◆ DESCRIPTION OF THE TASK: Each entry should be printed exactly, with its images omitted.

◆ WORKING DATA:
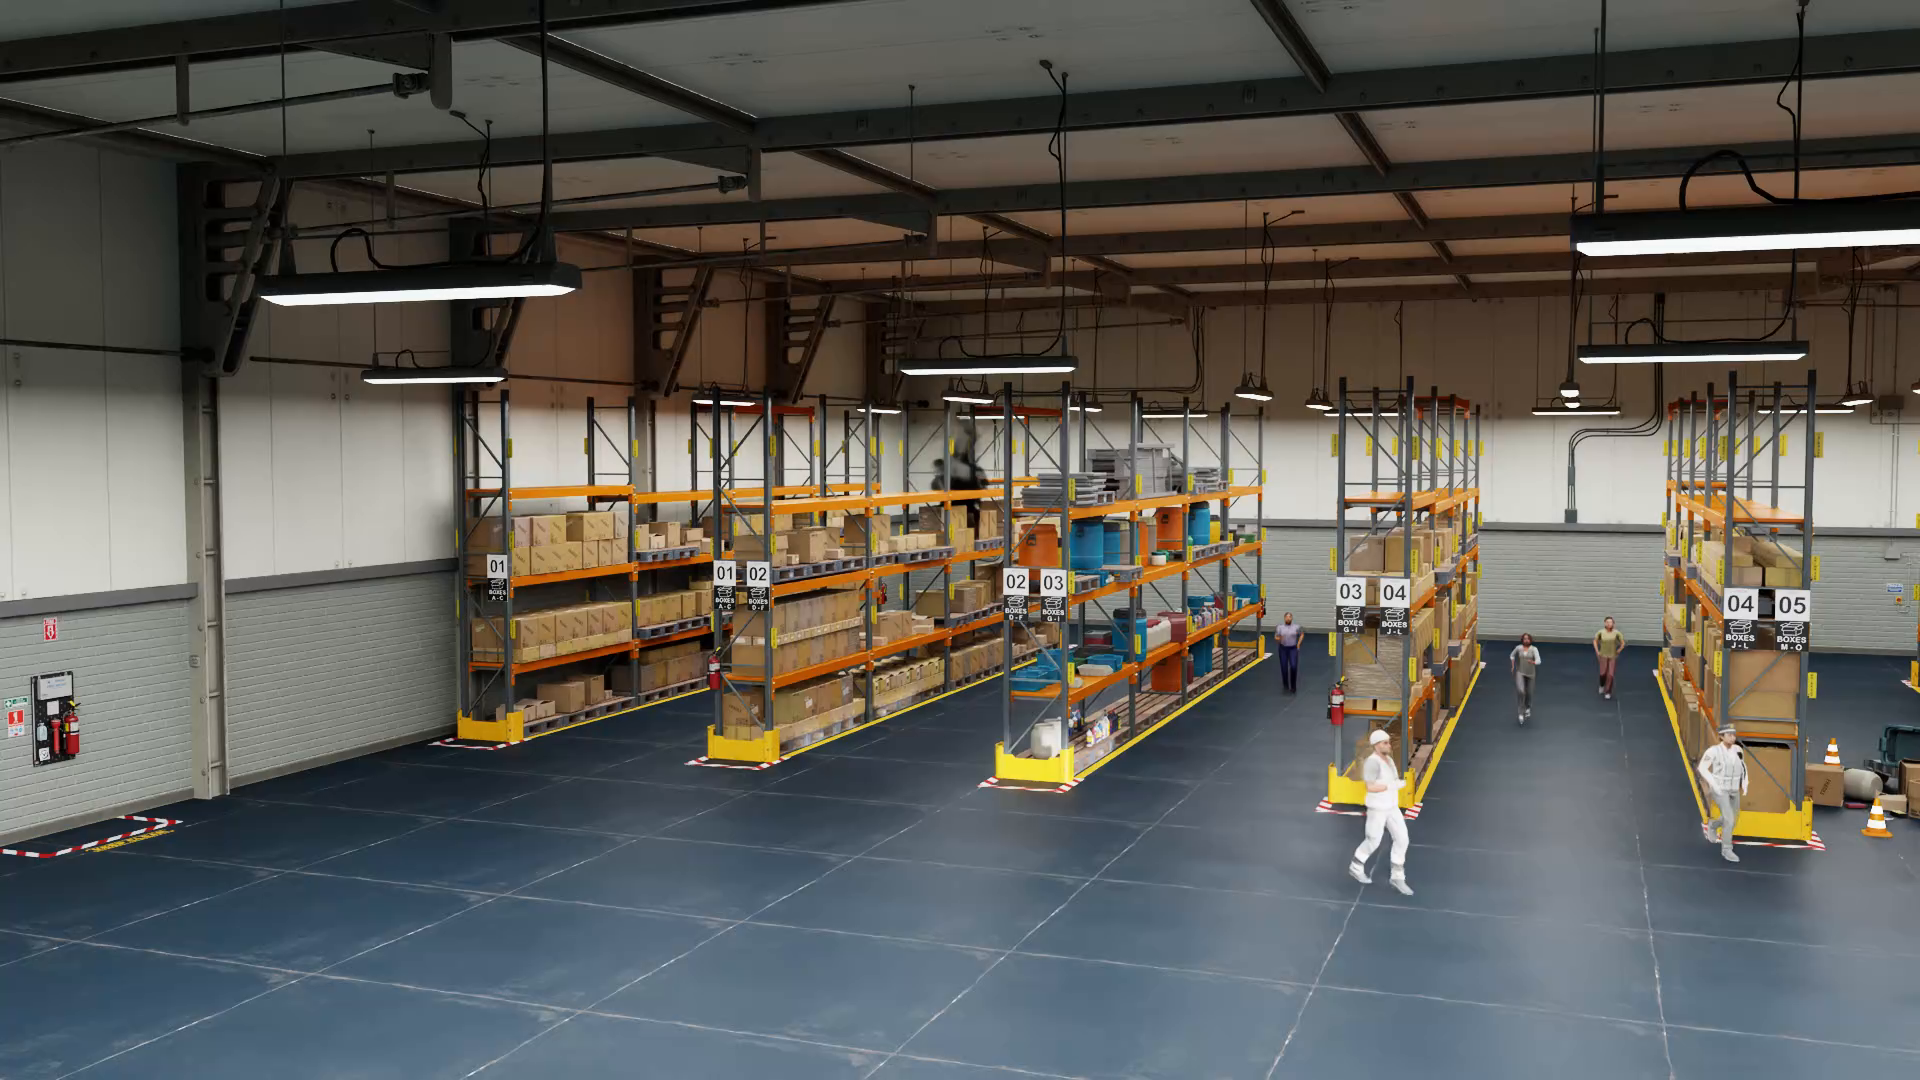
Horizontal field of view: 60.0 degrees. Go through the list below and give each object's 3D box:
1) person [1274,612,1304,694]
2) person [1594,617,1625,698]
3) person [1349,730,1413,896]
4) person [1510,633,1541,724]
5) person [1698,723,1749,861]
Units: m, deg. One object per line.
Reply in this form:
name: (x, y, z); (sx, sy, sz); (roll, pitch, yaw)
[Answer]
person: (6.729, 2.319, 34.046); (0.586, 1.676, 0.661); (1, 3, 14)
person: (13.013, 2.353, 33.329); (0.593, 1.639, 0.489); (1, 3, 20)
person: (4.754, 3.057, 18.777); (0.632, 1.832, 0.765); (-3, 4, -41)
person: (10.363, 2.509, 30.490); (0.518, 1.631, 0.778); (1, 3, 16)
person: (9.378, 3.056, 20.448); (0.620, 1.663, 0.664); (-1, 3, -11)
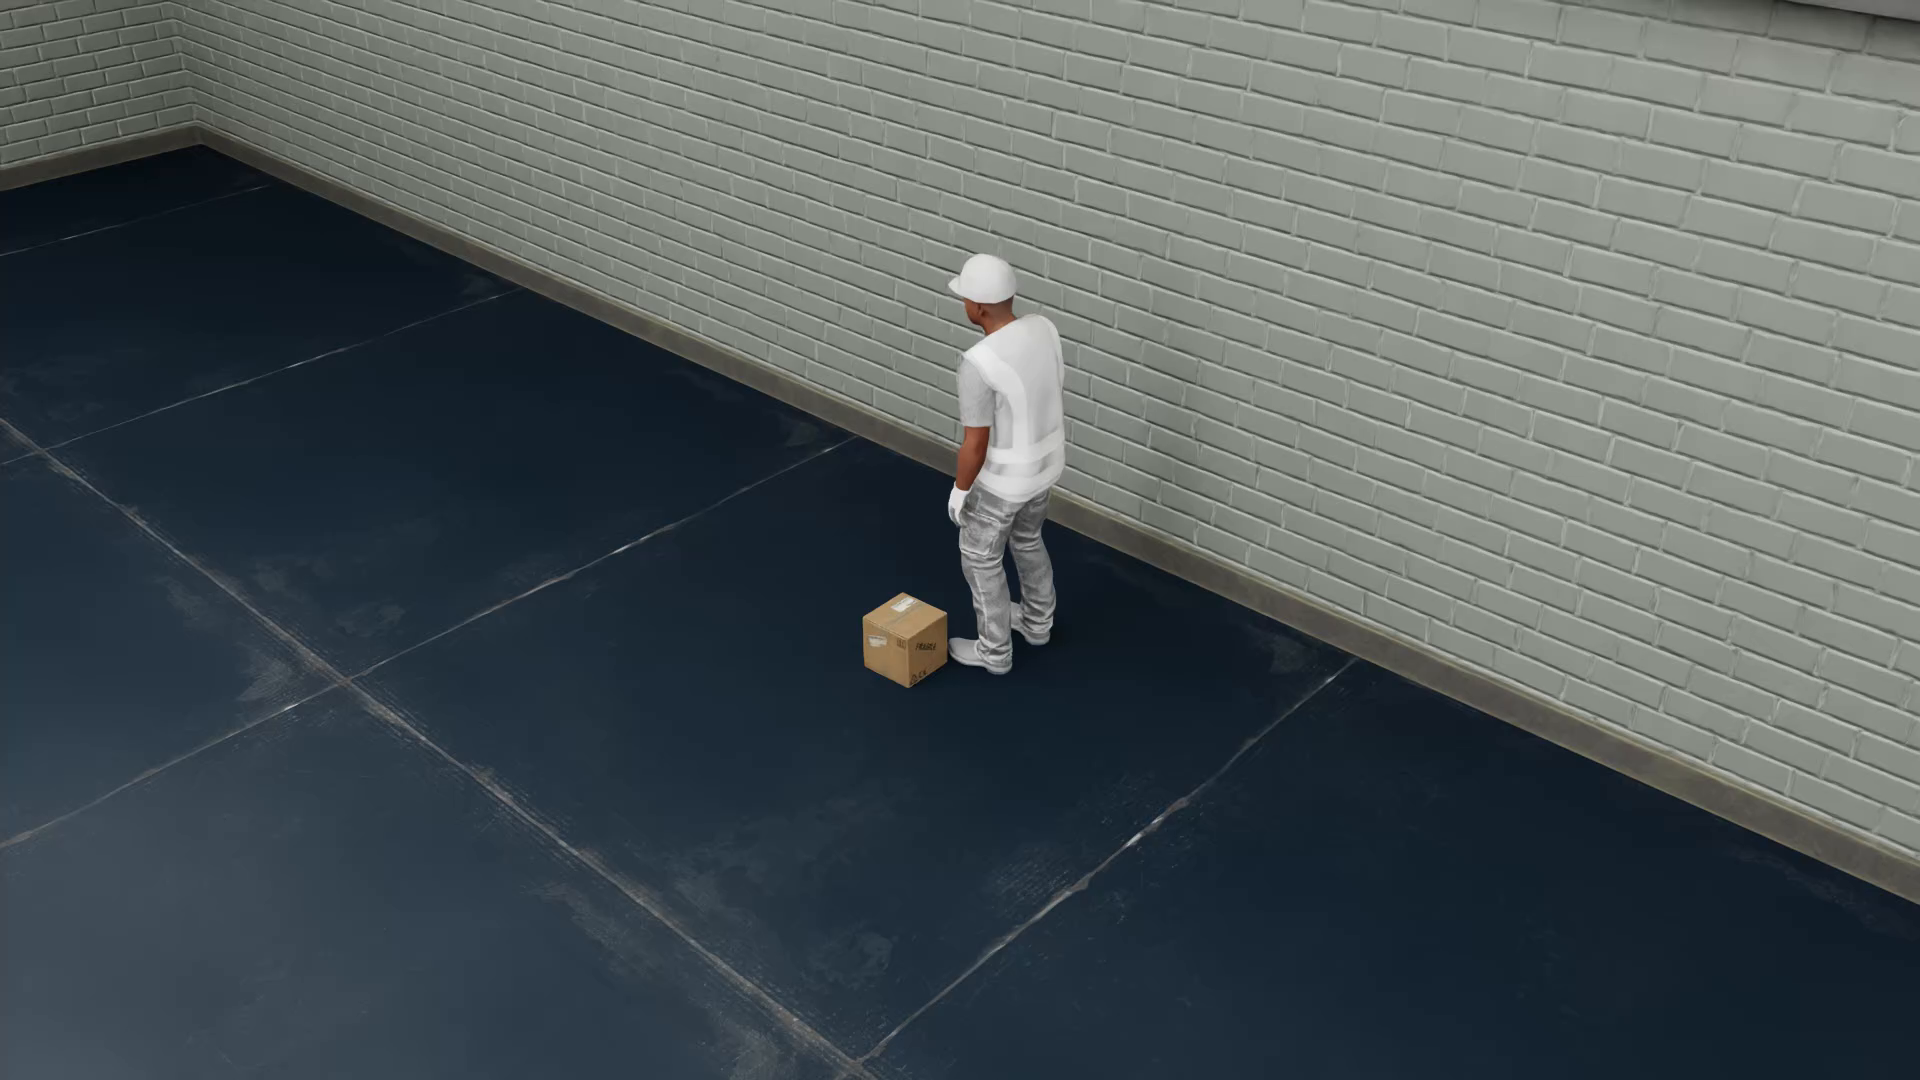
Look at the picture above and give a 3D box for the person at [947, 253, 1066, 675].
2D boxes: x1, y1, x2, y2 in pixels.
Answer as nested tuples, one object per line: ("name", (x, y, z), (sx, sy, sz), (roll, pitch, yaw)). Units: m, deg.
("person", (0.172, -0.285, 6.598), (0.449, 1.773, 0.620), (23, 38, 33))

◆ SOLUTION TO THIS TASK:
Horizontal field of view: 60.0 degrees. Go through the list below and give each object's 3D box:
1) person [1274,612,1304,694]
2) person [1594,617,1625,698]
3) person [1349,730,1413,896]
4) person [1510,633,1541,724]
5) person [1698,723,1749,861]
Units: m, deg. One object per line.
Reply in this form:
name: (x, y, z); (sx, sy, sz); (roll, pitch, yaw)
[Answer]
person: (6.729, 2.319, 34.046); (0.586, 1.676, 0.661); (1, 3, 14)
person: (13.013, 2.353, 33.329); (0.593, 1.639, 0.489); (1, 3, 20)
person: (4.754, 3.057, 18.777); (0.632, 1.832, 0.765); (-3, 4, -41)
person: (10.363, 2.509, 30.490); (0.518, 1.631, 0.778); (1, 3, 16)
person: (9.378, 3.056, 20.448); (0.620, 1.663, 0.664); (-1, 3, -11)
Look at the picture above and give a 3D box for the person at [947, 253, 1066, 675].
2D boxes: x1, y1, x2, y2 in pixels.
Answer as nested tuples, one object per line: ("name", (x, y, z), (sx, sy, sz), (roll, pitch, yaw)). Units: m, deg.
("person", (0.172, -0.285, 6.598), (0.449, 1.773, 0.620), (23, 38, 33))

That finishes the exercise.